Hey so I think I fixed it on my end. I had my Adaptive Lighting interval set to update every 90-100 seconds and changed them all to around 8000-1200 seconds, staggered so they won’t update all at once. Everything is working well now, almost perfectly reliable unless I purposefully overload the network by pressing buttons quickly. If you do come up with a APS_DEFRAG_DEFERRED tracker, please ping me because I’d love to see a graph of when it occurs :slight_smile:

That’s great news! I use my own custom implementation of adaptive lighting, so I’ll see if I can try the same thing there – right now it’s tied to sensor.date_time_iso so it’s probably once a minute all at the same time.

I’m having the same issue with a bajillion of the EcoSmart bulbs. I was happy to see you found a solution to the APS_DEFRAG_DEFERRED problem. However, I have a couple of questions about your solution:

Do you have the adaptive lighting interval set to 8000 or 800 seconds? Seems like 800 is more likely.
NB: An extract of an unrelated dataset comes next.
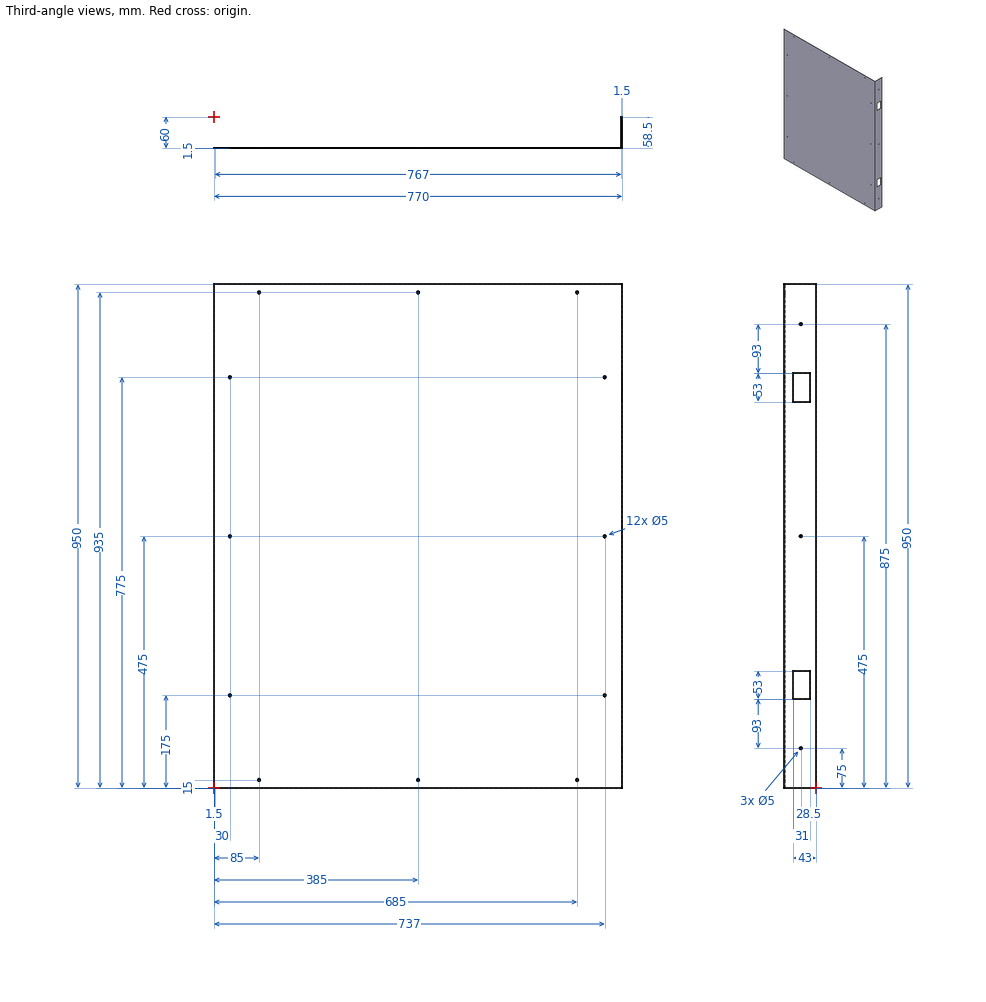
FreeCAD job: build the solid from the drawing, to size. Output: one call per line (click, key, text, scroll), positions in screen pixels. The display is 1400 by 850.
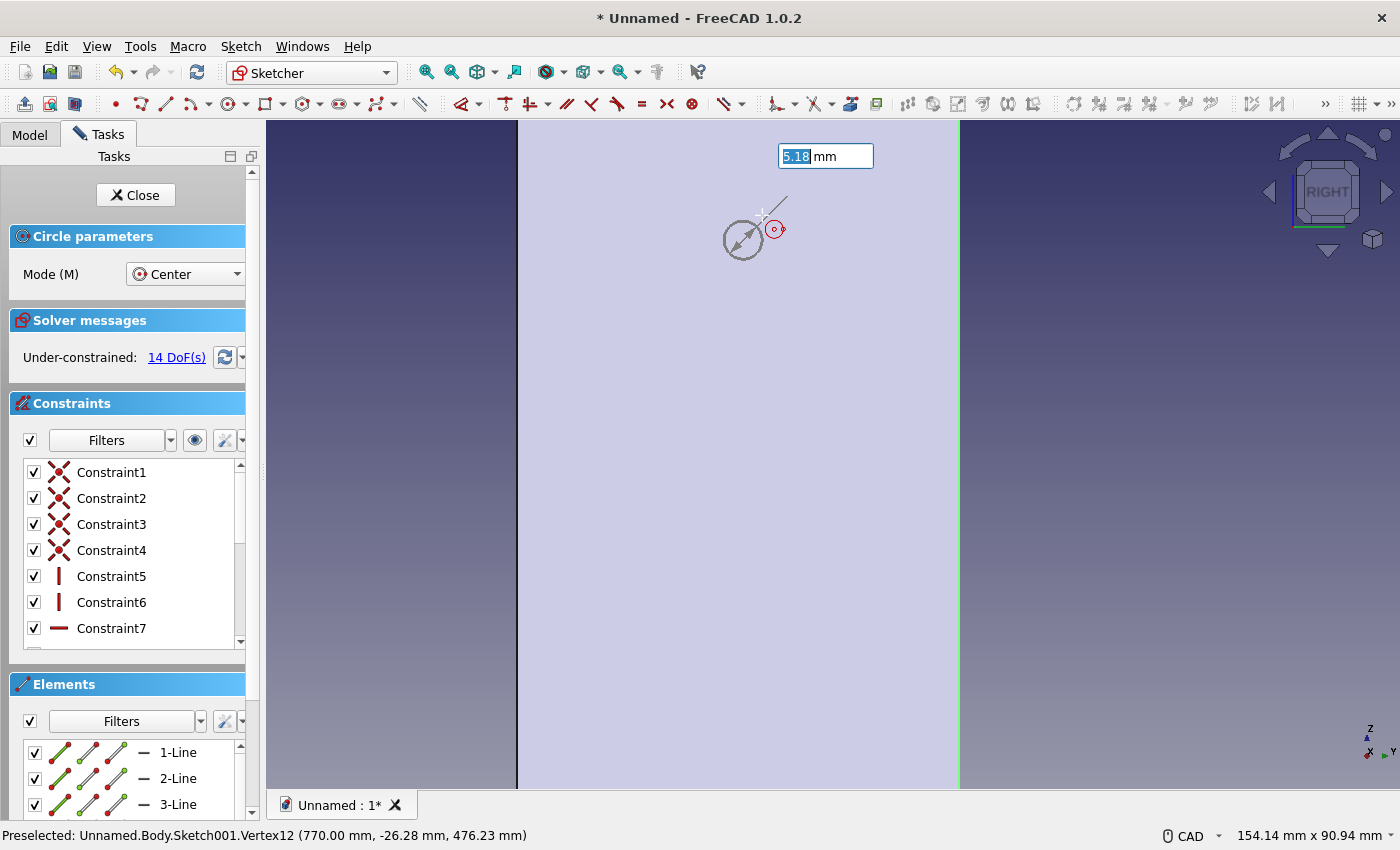
click(762, 213)
key(Escape)
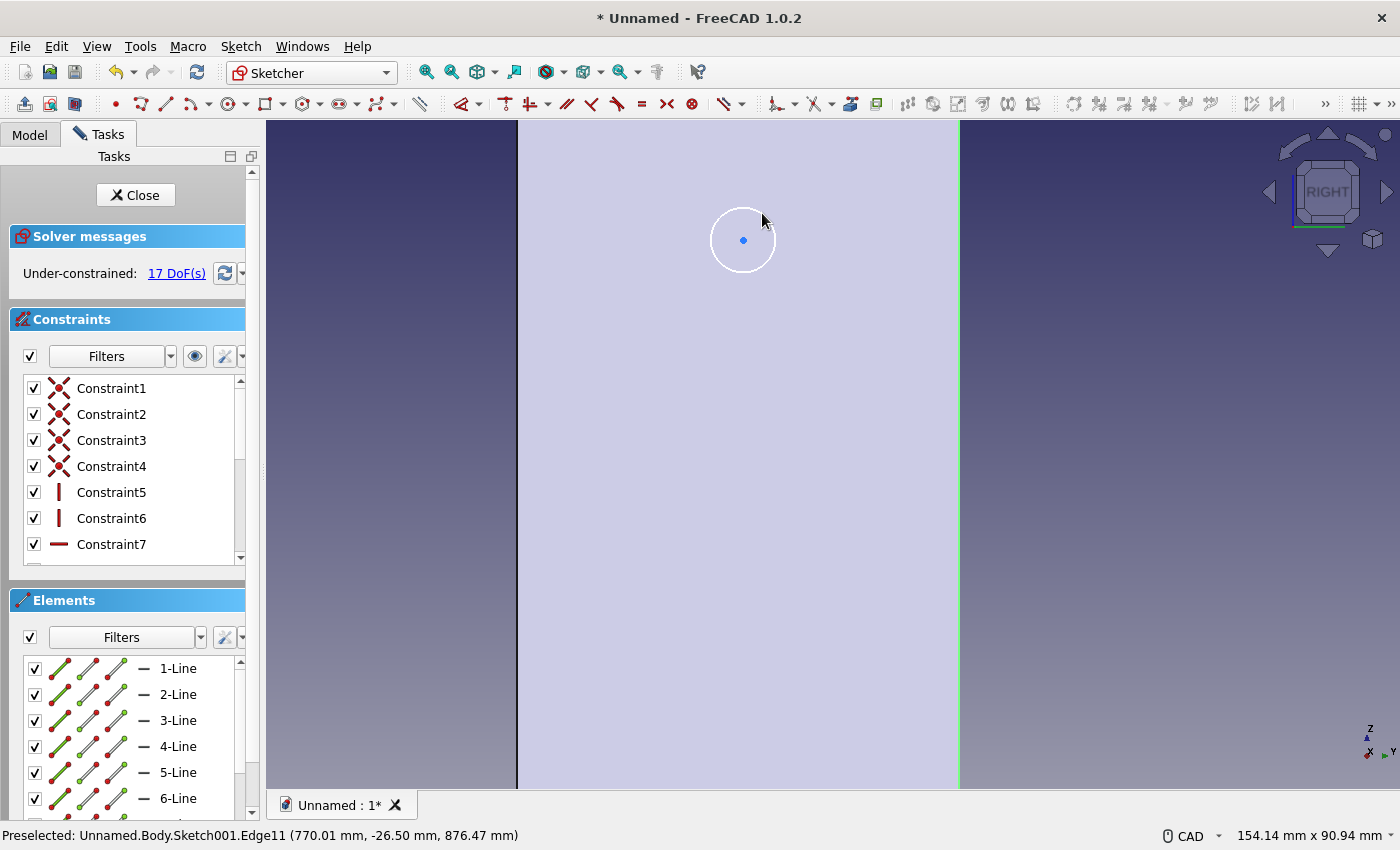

How do you stagger the updating of the adaptive lighting? I don’t see that option in the documentation.
Do you just have all of the individual switches set to update at different intervals? Does adaptive lighting do the update from when the light was turned on or at a specified time?

Thanks.

Hey can you please explain how you changed the update the interval and, more importantly, stagger the updates so they don’t flood the network? I just read this thread while getting more and more excited, only to find it petered out just before the explanation that I was looking for! :wink:

The problem with the Ecosmart lights is that their firmware crashes if it receives a command while executing a previous command. Redditor u/Wwalltt seems to have the best handle on what’s going on, see this thread: https://www.reddit.com/r/homeassistant/comments/kfxs8z/ecosmart_homedepot_zigbee_bulbs_for_797_per_2pack/ggbuxt9/?context=1.
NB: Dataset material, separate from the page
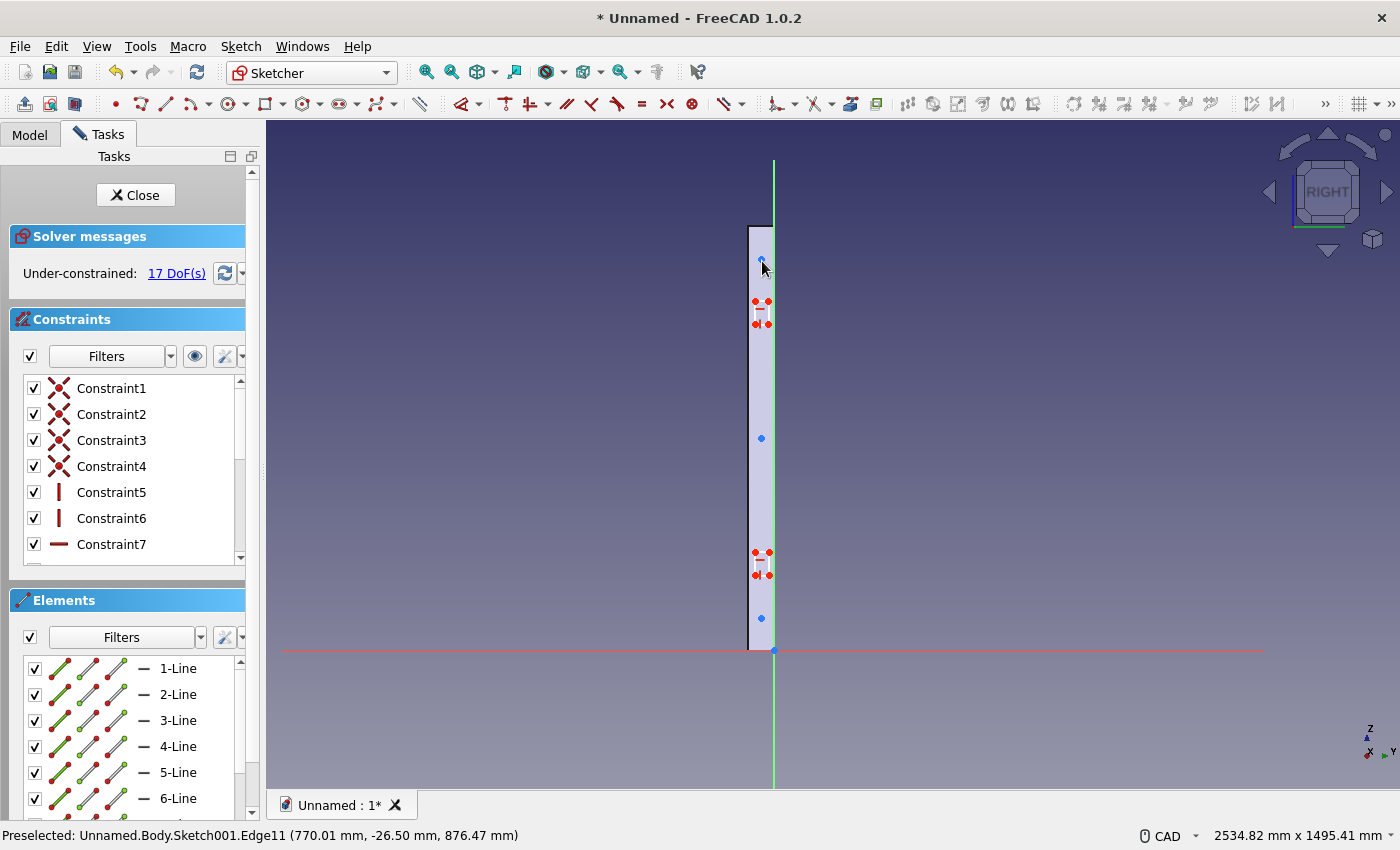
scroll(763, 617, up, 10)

Therefore, the goal is to prevent or reduce the odds that a light (or any light in your network) will be executing an update when you send it another command. This wouldn’t be a problem except Adaptive Lighting automatically updates the lights on a regular frequency and I got smart bulbs specifically to change colors and brightness throughout the day.

My suggestion is to increase the update “interval” to a larger number. Reducing the update frequency reduces the chance you or an automation try to update a light while it’s updating through Adaptive Lighting. If you have multiple Adaptive Lighting configurations (see my note below), you can stagger all of your intervals to minimize the chance of multiple lights/light groups of updating at once. Technically staggering updates increases the odds that any one group is updating while you try to, say, manually turn everything off. But for me it’s more likely for a conflicting Adaptive Lighting update to be sent than a conflicting “All On/Off” command.
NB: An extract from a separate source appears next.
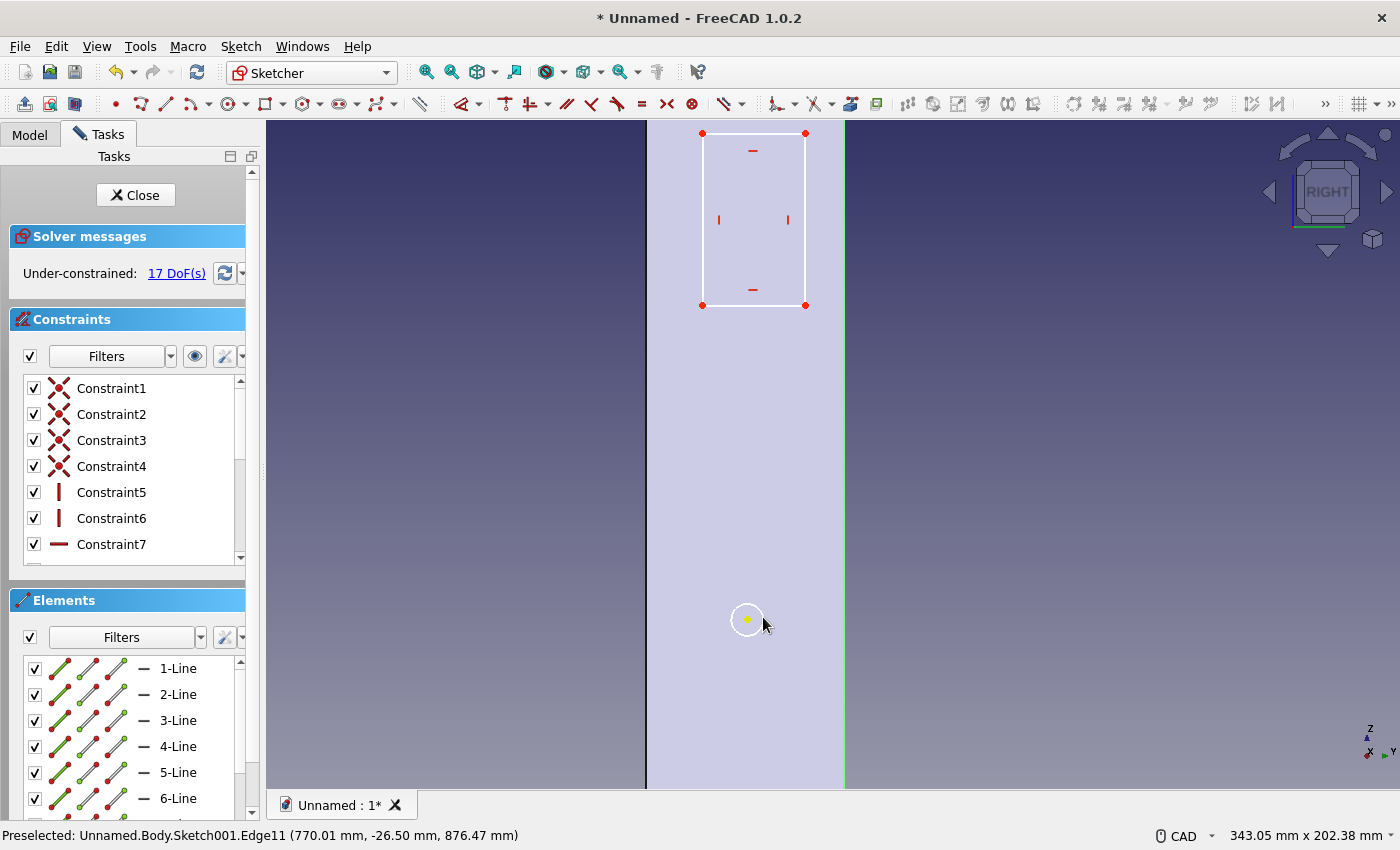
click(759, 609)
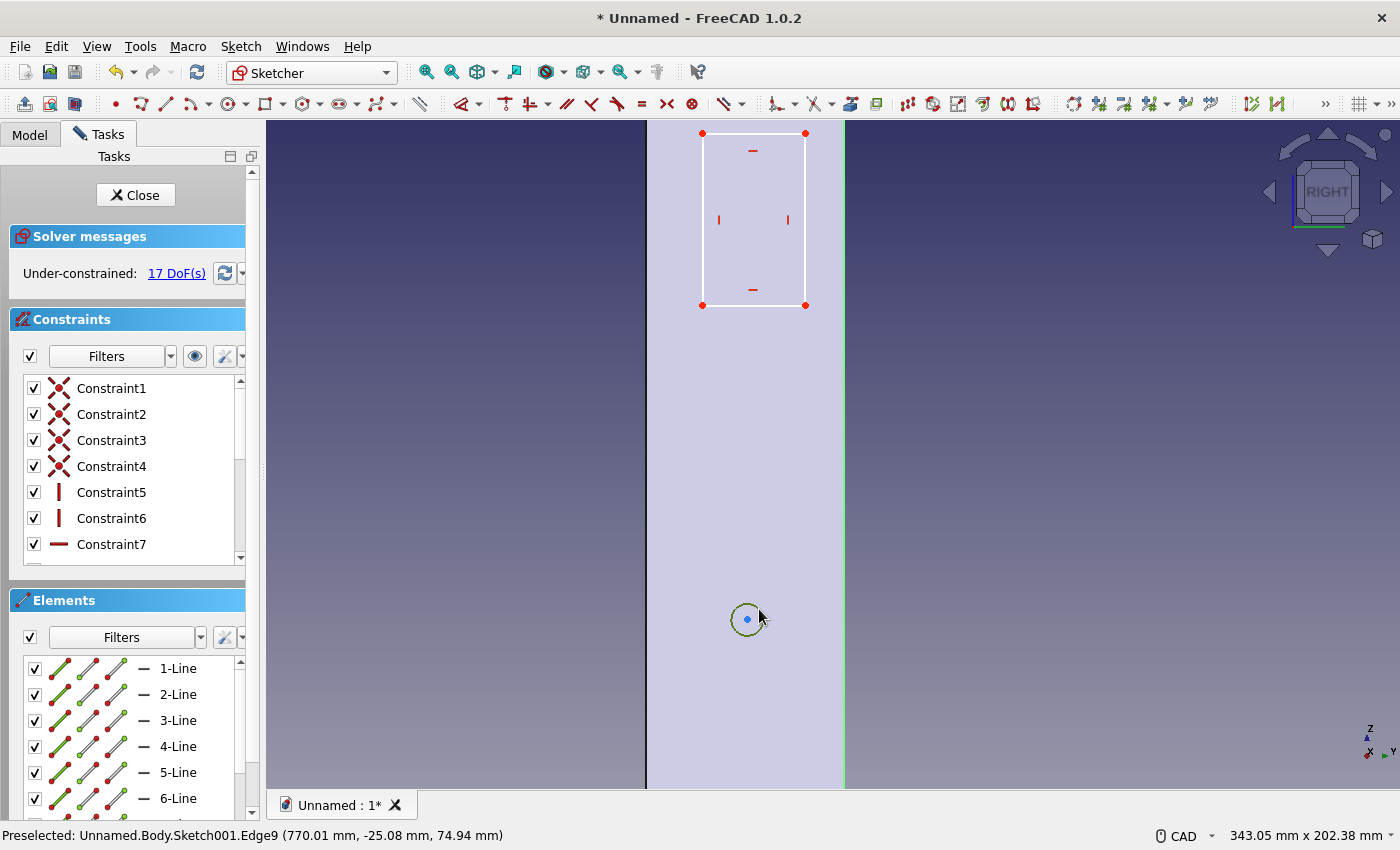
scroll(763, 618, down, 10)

@Delorean14 How do you change the interval? When you add the Adaptive Lighting integration, the integration gets a card in the Integrations section. Hit Configure and a window pops up that lets you configure it.

Note on groups: It helps when you group the lights in Zigbee so that updates are sent only once to multiple lights, instead of one command per light. You still have to have multiple Adaptive Lighting configurations for each group of bulbs that you want to control independently. If you only set up one Adaptive Lighting configuration for all lights in your house, any lights that are not on will be turned on when the update gets sent. I prefer to use motion sensors to turn off lights in unoccupied rooms and save power, but that means an Adaptive Lighting config for each room in the house.